China in Movies
作者 :  本刊编辑部

  Author: International Chinese Research and Development Center of FLTRP
  Price: ¥240
  Publication Date: September, 2011
  Publisher: Foreign Language Teaching and Research Press
  China in Movies is a large-scale multi-media series that combines appreciation of Chinese movies with the teaching of Chinese culture. It is the result of collaborative efforts made by China’s largest movie producer, China Film Co., LTD., and China’s largest foreign languages press, Foreign Language Teaching and Research Press (FLTRP).
  The richness and diversity of Chinese culture has endowed Chinese movies with special value, and the movie industry in China has seen rapid market growth in recent years. At the same time, the worldwide “Chinese Craze” continues to intensify and Chinese culture in particular has been in the limelight. All this provides us with the opportunity and impetus to undertake this project, which implements the mission: to introduce Chinese culture and movies to the world, and to promote better understanding of China.
  In organizing and compiling the “China in Movies” series, the International Chinese Research and Development Center of FLTRP has enlisted the help of professional movie critics from China Film Co., LTD., and experts in teaching Chinese as a foreign language at home and abroad. Extensive experience in foreign languages publishing, international cooperation and the use of new media are all drawn upon from the publisher for this project, in order to help people grasp more fully the essence of Chinese culture as they enjoy Chinese movies.
  Eight theme-based modules of “China in Movies” will be launched initially: Chinese History, China Today, Images of China, Chinese Cartoons, Chinese Kung Fu, Chinese Operas, Outstanding Figures of China, Relationships in China, Chinese Music, and each module includes representative movies that revolve around the given theme. In the future, the authors plan to update the series as new movies are released, by introducing new thematic modules, or by expanding existing modules.
  To optimize the learning of culture, China in Movies has been designed with the following features:
  Bilingual: All movie lines and teaching materials are translated to make the relatively difficulty movie language more manageable and friendlier to a learning environment. This enables learners to focus on comprehension of Chinese culture and comparisons with their own cultures. It also facilitates self-study.   Thematic highlights: The selection of “culture points” is highly focused on each module’s theme. The aim is to lead the student from depth to breadth, from the specific to the general towards a more comprehensive understanding of Chinese culture.
  Comparing cultures: Flexible teaching methods are used to inspire learners to compare and contrast Chinese culture with their own cultures, given that people are more likely to be open-minded towards a different culture and different ways of thinking when they have points of comparison.
  Abundant resources: each thematic module is a learning package containing
  a. Four representative movies: complete version, in high quality DVDs
  b. One movie appreciation guide: bilingual, colorful print, includes background information, critiques of certain episodes, introduction and discussion of “culture points”, “knowledge link” and interactive exercises. Also suitable for self learners.

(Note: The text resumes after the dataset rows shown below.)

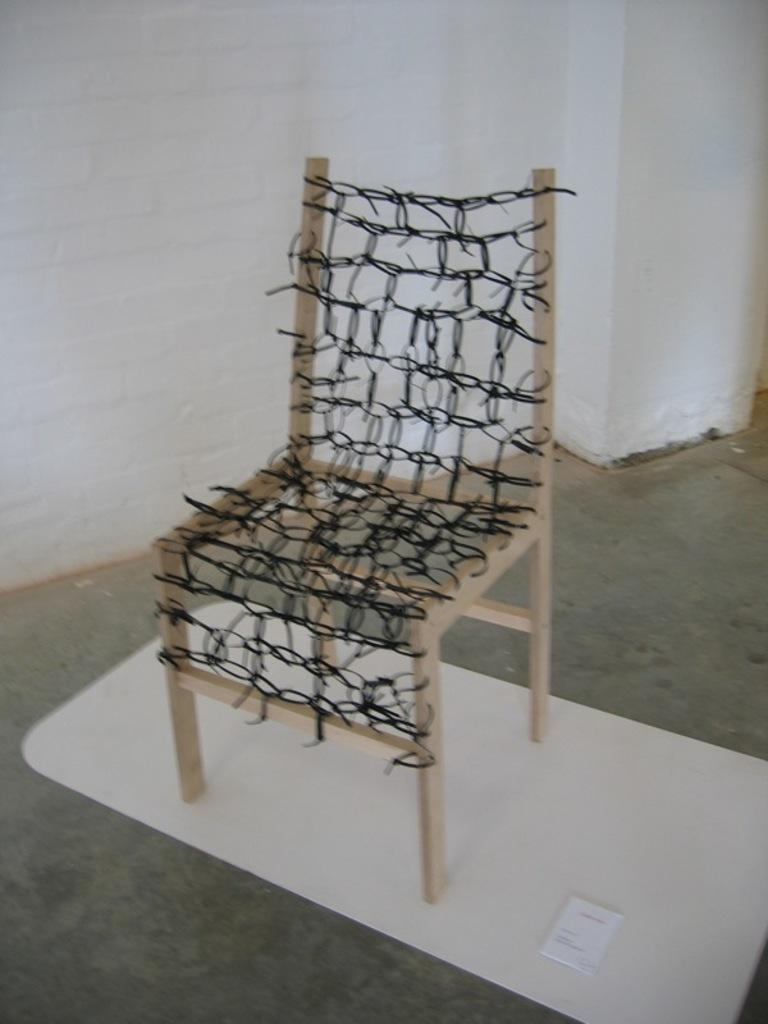What type of furniture is present in the image? There is a chair in the image. Where is the chair located? The chair is on the floor. What can be seen in the background of the image? There is a wall visible in the background of the image. Can you see a boat in the image? No, there is no boat present in the image. What type of jewelry is visible on the chair? There is no jewelry, such as a locket, present in the image. 
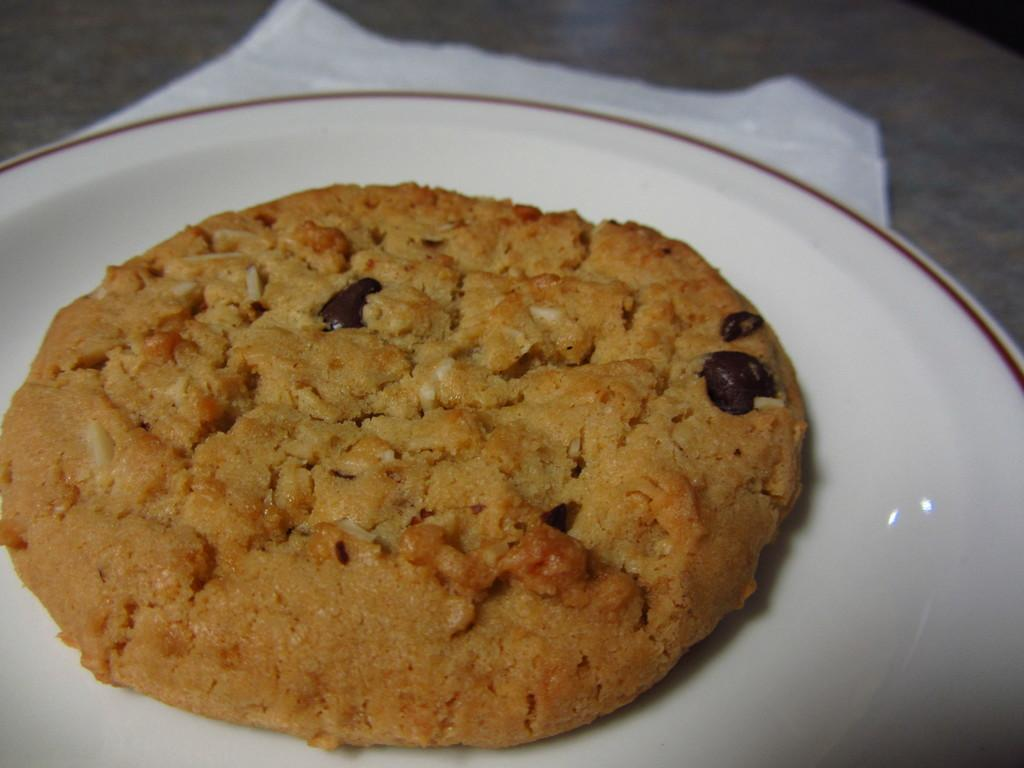What is the main subject of the image? There is a cookie in the image. Where is the cookie located? The cookie is placed on a white plate. What type of advice can be seen written on the cookie in the image? There is no advice written on the cookie in the image; it is just a cookie placed on a white plate. 
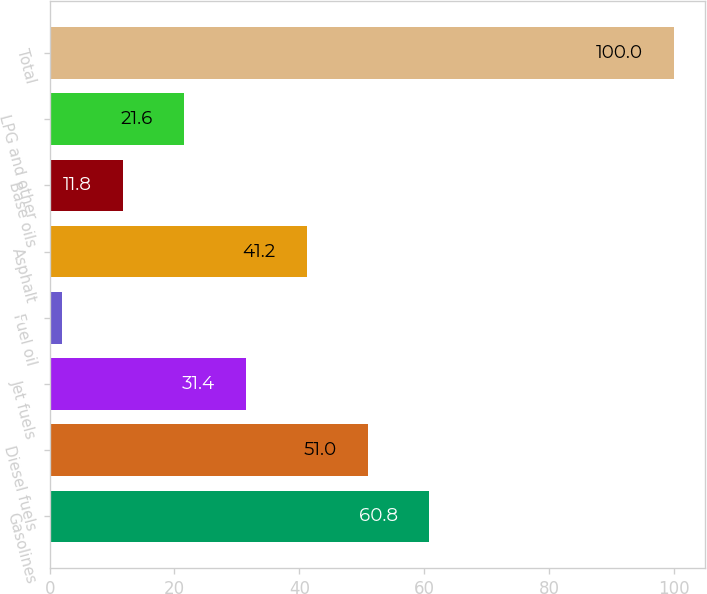<chart> <loc_0><loc_0><loc_500><loc_500><bar_chart><fcel>Gasolines<fcel>Diesel fuels<fcel>Jet fuels<fcel>Fuel oil<fcel>Asphalt<fcel>Base oils<fcel>LPG and other<fcel>Total<nl><fcel>60.8<fcel>51<fcel>31.4<fcel>2<fcel>41.2<fcel>11.8<fcel>21.6<fcel>100<nl></chart> 
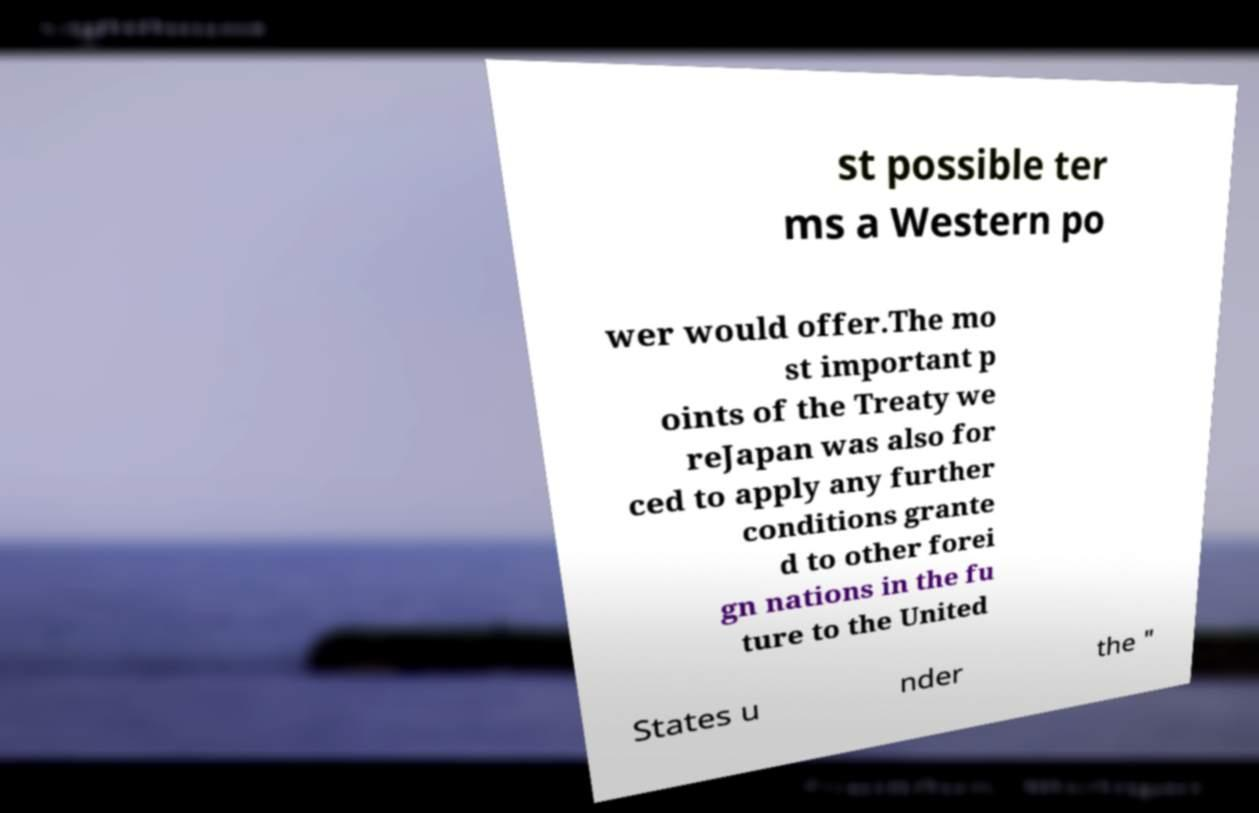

  c. One multi-media interactive teaching DVD: includes classic episodes with bilingual scripts; may serves as teaching guides, role play guides, etc.
  d. One set of theme cards: each module contains a set of 8 cards with exquisite pictures and classic catchphrases; may be used as postcards or bookmarks. For example, the theme cards in the Chinese History module feature classic Chinese relics, paintings and calligraphy, and classic Confucian sayings. They are provided to showcase culture in Chinese history.
  China in Movies can be used as multi-media “culture readers” by the general public interested in Chinese culture and movies or as textbooks by teachers of Chinese language and culture at the intermediary level and above, in or outside the classroom. In the classroom, teachers can use it to organize movie appreciation or discussion sessions, or to supplement language study and diversify language input.
  As the world’s peoples come closer and closer to each other, movies have proven to be an effective channel for cultural exchange. We hope that “China in Movies” provides a wonderful way to experience Chinese culture and movies, thereby accomplishing its purpose: See movies, Touch China!